====== The data

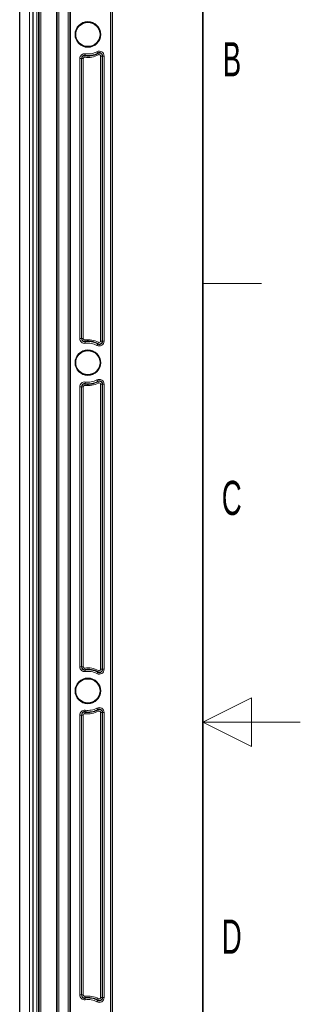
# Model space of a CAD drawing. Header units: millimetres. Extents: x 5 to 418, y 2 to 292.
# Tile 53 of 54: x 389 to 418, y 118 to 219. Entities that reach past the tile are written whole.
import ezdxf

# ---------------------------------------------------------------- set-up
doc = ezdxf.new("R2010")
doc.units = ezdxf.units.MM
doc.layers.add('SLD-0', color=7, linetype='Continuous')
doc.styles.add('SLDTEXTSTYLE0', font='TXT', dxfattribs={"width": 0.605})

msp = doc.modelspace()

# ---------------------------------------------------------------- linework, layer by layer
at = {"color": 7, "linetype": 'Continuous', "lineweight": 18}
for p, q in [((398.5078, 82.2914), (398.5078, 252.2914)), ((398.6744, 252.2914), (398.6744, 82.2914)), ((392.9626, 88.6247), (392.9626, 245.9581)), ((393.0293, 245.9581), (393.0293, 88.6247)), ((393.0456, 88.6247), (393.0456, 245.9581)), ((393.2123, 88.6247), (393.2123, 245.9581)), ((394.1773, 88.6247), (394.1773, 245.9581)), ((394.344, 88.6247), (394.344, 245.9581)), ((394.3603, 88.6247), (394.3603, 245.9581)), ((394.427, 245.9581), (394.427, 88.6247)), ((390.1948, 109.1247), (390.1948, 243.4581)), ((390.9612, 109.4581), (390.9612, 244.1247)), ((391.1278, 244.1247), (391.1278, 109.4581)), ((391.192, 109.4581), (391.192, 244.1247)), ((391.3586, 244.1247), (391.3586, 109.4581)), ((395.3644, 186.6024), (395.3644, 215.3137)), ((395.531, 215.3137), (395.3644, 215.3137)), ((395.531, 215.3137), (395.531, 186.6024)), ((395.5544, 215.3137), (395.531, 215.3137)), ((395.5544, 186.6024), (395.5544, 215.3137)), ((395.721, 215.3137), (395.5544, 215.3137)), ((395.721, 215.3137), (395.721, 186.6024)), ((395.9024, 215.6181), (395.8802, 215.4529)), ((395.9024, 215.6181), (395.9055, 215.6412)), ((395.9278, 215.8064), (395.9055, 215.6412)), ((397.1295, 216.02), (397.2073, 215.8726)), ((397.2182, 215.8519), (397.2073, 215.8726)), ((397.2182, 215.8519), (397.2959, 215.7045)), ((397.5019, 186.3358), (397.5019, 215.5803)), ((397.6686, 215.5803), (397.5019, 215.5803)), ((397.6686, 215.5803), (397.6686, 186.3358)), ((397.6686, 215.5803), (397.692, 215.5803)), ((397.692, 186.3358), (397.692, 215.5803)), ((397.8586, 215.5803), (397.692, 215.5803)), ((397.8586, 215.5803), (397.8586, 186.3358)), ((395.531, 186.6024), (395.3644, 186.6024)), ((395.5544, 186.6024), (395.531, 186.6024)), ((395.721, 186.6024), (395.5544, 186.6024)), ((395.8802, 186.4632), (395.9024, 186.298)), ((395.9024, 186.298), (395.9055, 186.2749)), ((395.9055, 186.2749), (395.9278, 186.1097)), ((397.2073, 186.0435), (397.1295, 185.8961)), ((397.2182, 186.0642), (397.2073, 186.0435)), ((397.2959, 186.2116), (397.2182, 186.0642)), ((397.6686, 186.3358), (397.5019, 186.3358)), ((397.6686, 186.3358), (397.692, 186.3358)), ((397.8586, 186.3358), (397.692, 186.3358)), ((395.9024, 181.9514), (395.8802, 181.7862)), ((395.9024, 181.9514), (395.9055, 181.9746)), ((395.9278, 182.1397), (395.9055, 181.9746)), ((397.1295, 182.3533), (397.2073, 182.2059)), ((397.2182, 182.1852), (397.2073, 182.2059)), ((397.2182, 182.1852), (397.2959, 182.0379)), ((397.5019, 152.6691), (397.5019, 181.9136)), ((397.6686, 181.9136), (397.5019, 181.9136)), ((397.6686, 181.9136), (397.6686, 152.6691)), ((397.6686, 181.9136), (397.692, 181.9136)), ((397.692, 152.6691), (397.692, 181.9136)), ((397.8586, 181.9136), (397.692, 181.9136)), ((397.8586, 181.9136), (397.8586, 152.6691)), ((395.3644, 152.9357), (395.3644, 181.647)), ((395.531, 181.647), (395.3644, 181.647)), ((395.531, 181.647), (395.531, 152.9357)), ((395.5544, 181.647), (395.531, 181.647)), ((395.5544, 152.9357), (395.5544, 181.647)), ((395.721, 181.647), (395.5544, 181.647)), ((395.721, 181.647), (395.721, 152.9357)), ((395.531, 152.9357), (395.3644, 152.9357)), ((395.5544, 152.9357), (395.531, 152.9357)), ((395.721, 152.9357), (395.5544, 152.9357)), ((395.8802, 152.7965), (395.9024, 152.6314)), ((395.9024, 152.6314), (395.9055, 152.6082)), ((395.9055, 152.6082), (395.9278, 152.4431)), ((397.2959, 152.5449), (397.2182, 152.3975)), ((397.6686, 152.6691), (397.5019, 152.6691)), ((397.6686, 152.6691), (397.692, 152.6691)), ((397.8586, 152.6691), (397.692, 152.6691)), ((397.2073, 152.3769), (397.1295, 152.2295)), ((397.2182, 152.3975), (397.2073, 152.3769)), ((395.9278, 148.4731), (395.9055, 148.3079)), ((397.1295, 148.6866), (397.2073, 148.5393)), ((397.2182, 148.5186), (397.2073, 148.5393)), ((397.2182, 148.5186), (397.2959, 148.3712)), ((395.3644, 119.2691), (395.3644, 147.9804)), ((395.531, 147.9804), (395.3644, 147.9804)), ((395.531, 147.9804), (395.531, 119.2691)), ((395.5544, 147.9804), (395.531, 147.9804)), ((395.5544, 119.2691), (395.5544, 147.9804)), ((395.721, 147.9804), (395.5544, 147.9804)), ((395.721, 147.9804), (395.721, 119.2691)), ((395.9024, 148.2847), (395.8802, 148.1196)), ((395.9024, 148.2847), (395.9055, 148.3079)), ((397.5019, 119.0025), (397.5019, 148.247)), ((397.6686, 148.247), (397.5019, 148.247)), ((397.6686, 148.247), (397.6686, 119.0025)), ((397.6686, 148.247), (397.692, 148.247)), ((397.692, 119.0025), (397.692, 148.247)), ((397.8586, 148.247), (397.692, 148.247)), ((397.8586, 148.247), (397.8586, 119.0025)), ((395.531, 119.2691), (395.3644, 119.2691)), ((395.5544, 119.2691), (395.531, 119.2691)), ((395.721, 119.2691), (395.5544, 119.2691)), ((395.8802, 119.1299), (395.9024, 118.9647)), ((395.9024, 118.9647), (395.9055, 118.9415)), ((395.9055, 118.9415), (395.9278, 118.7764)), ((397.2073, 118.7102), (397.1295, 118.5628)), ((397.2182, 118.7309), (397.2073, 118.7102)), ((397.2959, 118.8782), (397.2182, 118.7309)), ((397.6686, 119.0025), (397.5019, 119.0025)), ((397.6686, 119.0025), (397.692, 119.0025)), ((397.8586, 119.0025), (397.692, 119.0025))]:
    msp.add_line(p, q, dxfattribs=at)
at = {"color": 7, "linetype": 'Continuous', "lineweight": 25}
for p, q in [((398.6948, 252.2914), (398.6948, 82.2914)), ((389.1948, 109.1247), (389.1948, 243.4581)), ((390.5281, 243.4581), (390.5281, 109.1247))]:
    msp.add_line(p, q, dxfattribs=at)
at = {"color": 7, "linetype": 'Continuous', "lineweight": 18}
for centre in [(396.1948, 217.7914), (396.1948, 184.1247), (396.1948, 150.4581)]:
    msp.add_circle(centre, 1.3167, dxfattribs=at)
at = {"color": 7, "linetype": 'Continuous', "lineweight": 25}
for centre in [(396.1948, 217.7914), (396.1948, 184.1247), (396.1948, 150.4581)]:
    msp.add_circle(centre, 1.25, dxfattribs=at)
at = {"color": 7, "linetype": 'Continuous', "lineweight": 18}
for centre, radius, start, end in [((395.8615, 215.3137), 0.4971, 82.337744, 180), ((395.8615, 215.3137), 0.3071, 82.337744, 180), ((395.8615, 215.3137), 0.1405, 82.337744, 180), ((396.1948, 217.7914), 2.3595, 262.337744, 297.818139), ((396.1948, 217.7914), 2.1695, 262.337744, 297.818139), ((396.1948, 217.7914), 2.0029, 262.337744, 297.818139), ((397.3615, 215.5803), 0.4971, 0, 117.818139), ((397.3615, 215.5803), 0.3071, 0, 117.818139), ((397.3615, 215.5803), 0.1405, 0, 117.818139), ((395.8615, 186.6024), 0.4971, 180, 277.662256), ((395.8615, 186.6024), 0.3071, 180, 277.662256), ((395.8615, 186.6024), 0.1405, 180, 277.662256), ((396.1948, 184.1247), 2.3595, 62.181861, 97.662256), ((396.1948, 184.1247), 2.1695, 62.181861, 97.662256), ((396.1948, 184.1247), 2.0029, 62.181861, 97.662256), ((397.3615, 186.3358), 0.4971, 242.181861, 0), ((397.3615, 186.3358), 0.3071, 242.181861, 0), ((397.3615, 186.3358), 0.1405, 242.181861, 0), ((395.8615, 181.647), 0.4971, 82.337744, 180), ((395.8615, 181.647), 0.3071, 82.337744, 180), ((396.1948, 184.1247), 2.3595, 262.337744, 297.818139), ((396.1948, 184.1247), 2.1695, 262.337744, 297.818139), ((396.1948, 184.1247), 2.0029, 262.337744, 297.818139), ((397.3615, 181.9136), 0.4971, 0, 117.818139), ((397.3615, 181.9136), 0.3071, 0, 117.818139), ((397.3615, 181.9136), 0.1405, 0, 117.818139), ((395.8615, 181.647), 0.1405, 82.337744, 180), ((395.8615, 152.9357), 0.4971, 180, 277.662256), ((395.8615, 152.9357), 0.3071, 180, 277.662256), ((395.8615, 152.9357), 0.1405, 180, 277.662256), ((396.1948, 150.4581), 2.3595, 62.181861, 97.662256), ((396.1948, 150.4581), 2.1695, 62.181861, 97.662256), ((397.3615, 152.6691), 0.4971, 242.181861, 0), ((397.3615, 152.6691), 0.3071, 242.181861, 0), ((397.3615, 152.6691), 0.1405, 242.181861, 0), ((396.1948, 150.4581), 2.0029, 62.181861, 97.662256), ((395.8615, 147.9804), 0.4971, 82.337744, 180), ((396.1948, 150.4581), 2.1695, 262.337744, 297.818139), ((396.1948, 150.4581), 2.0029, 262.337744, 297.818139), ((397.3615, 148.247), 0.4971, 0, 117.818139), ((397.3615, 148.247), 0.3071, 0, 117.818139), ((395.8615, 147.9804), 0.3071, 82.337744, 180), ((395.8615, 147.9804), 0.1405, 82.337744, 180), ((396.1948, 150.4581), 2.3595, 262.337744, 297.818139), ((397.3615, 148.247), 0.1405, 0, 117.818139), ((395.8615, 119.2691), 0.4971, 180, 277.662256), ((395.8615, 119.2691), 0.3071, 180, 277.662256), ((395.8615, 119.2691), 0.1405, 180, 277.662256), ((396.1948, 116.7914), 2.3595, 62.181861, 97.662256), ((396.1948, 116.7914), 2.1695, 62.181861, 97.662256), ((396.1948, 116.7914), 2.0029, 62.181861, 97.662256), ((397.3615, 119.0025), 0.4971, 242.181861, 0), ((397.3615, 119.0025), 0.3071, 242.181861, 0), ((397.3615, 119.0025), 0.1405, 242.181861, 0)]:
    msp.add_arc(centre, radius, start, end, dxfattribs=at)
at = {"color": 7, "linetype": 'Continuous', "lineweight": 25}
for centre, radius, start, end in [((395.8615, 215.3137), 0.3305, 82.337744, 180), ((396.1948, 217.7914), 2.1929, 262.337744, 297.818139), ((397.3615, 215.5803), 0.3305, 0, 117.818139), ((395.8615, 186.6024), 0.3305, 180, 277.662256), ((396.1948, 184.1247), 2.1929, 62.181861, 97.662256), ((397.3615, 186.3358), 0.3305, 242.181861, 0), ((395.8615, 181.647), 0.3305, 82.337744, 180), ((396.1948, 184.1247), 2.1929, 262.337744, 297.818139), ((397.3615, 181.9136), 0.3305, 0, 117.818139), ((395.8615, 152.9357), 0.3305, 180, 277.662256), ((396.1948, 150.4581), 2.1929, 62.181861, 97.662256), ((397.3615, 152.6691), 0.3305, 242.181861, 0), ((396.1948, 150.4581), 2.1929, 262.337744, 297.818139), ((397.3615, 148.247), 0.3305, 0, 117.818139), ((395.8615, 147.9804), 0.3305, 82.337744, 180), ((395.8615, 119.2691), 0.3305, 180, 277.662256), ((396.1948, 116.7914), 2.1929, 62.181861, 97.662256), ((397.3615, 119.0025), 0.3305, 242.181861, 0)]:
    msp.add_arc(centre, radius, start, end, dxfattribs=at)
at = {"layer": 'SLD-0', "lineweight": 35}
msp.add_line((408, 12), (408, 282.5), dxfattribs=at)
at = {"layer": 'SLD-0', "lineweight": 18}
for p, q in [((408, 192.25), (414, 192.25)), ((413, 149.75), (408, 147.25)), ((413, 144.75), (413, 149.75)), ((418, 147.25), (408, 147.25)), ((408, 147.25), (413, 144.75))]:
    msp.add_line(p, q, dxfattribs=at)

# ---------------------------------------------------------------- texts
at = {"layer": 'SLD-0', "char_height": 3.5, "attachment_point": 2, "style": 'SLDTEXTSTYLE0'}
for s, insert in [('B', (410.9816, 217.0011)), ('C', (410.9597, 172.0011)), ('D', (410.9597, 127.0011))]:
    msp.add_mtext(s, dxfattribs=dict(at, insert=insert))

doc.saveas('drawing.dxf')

============

**Task statement**
Whenever "ezdxf" occurs in a line of the entries, copy that line.

**Finished task**
import ezdxf
doc = ezdxf.new("R2010")
doc.units = ezdxf.units.MM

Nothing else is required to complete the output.